Instructions to follow:
Each line of the entries below that includes "from" belongs in your answer.

(Saved entries)
####

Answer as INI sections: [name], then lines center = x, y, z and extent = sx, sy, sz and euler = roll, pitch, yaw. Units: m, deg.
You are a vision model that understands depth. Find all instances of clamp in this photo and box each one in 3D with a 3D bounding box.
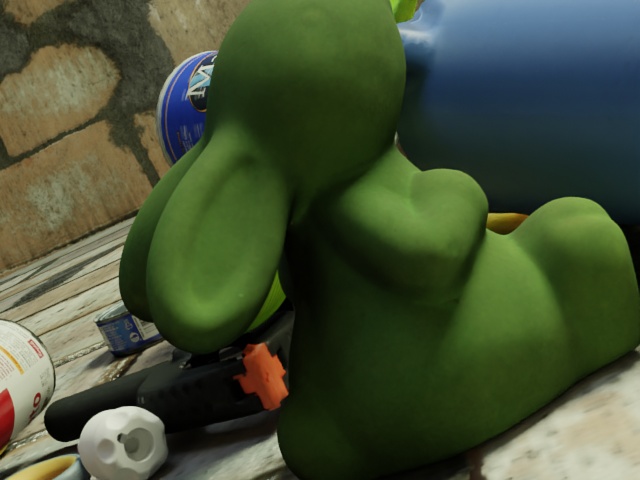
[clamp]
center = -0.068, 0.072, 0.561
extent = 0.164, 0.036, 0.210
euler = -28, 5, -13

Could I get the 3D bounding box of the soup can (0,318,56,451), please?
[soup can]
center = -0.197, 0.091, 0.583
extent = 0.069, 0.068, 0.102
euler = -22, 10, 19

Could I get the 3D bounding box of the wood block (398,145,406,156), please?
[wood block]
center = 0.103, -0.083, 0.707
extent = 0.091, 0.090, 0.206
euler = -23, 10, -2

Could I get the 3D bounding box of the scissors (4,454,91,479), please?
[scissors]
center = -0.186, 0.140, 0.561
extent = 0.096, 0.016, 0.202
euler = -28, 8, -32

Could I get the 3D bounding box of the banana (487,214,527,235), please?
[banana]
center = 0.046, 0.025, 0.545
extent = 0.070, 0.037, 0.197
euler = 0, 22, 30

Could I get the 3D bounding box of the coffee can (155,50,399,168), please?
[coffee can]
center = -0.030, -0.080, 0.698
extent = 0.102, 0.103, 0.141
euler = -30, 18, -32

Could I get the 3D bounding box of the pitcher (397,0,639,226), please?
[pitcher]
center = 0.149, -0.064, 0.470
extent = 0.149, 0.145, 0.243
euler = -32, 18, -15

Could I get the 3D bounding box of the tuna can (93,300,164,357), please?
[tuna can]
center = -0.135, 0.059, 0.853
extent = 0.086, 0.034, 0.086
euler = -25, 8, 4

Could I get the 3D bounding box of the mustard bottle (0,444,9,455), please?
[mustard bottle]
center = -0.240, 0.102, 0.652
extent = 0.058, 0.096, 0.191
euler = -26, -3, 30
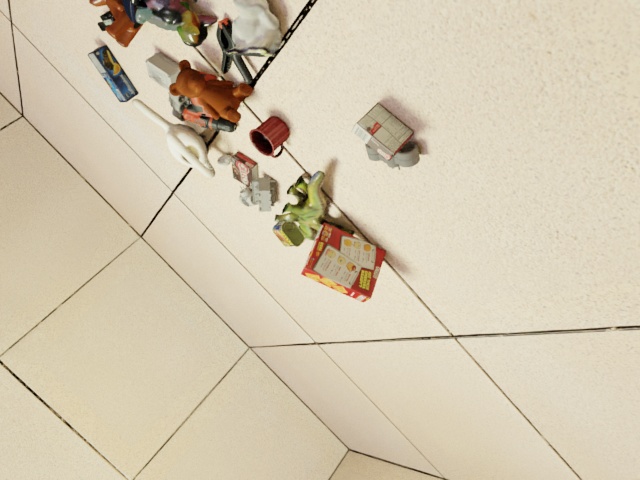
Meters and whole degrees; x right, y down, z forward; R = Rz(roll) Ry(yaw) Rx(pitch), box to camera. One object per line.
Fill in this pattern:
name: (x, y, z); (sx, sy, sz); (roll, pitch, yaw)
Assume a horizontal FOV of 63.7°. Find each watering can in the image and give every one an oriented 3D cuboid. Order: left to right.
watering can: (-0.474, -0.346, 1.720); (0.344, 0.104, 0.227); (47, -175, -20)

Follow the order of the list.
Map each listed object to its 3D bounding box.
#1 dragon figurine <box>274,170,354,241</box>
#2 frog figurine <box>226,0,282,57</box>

####

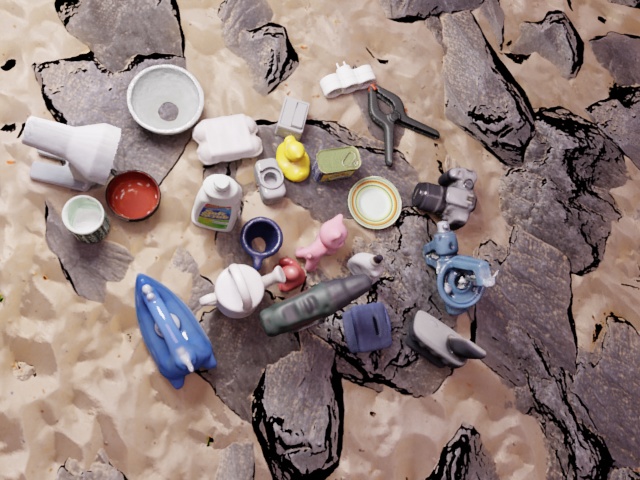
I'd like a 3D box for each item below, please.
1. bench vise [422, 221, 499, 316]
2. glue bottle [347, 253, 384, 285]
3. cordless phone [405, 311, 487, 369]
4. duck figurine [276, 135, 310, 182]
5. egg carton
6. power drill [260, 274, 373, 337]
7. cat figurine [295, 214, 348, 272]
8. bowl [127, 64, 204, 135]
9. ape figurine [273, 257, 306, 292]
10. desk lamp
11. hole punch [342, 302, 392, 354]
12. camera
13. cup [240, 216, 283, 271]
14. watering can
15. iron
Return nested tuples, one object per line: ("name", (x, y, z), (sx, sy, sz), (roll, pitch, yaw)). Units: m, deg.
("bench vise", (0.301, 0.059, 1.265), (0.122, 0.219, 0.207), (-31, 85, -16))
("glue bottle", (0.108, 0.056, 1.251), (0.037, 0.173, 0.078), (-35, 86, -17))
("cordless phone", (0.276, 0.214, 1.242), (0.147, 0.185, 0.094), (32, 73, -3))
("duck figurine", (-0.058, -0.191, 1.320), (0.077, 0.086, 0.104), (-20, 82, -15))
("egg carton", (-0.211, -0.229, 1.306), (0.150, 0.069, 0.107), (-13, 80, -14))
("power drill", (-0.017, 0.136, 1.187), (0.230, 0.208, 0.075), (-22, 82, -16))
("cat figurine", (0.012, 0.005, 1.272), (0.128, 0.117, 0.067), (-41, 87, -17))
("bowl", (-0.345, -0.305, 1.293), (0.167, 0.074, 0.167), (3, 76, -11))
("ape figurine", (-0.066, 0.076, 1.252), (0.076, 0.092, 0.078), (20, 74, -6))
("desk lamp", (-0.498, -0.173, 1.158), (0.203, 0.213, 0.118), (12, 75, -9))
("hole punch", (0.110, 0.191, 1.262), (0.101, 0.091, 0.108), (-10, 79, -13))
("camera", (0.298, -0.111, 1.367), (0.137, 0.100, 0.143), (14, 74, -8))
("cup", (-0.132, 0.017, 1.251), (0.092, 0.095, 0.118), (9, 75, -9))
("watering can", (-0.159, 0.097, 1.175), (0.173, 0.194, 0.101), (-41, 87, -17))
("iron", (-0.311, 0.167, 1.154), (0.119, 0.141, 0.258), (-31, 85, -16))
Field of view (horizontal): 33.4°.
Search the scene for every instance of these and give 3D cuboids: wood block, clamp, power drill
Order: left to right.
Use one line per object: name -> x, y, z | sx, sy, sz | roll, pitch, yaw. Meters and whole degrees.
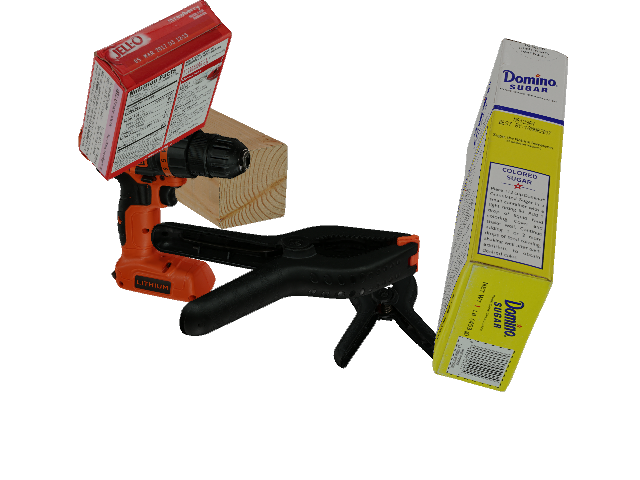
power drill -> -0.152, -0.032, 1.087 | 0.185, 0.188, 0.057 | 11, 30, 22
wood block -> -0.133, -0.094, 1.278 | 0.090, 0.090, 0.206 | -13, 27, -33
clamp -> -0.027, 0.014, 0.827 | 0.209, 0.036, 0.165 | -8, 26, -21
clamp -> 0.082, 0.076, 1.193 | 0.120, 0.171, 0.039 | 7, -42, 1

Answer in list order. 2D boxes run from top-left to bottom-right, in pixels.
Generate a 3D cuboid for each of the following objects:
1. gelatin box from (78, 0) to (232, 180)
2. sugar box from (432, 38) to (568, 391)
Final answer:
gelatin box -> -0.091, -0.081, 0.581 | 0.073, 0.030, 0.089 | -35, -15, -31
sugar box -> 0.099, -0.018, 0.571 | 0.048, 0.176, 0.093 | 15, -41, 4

####

Result of this task:
Answer in list order. 2D boxes run from top-left to bottom-right, in pixels.
1. gelatin box from (78, 0) to (232, 180)
2. sugar box from (432, 38) to (568, 391)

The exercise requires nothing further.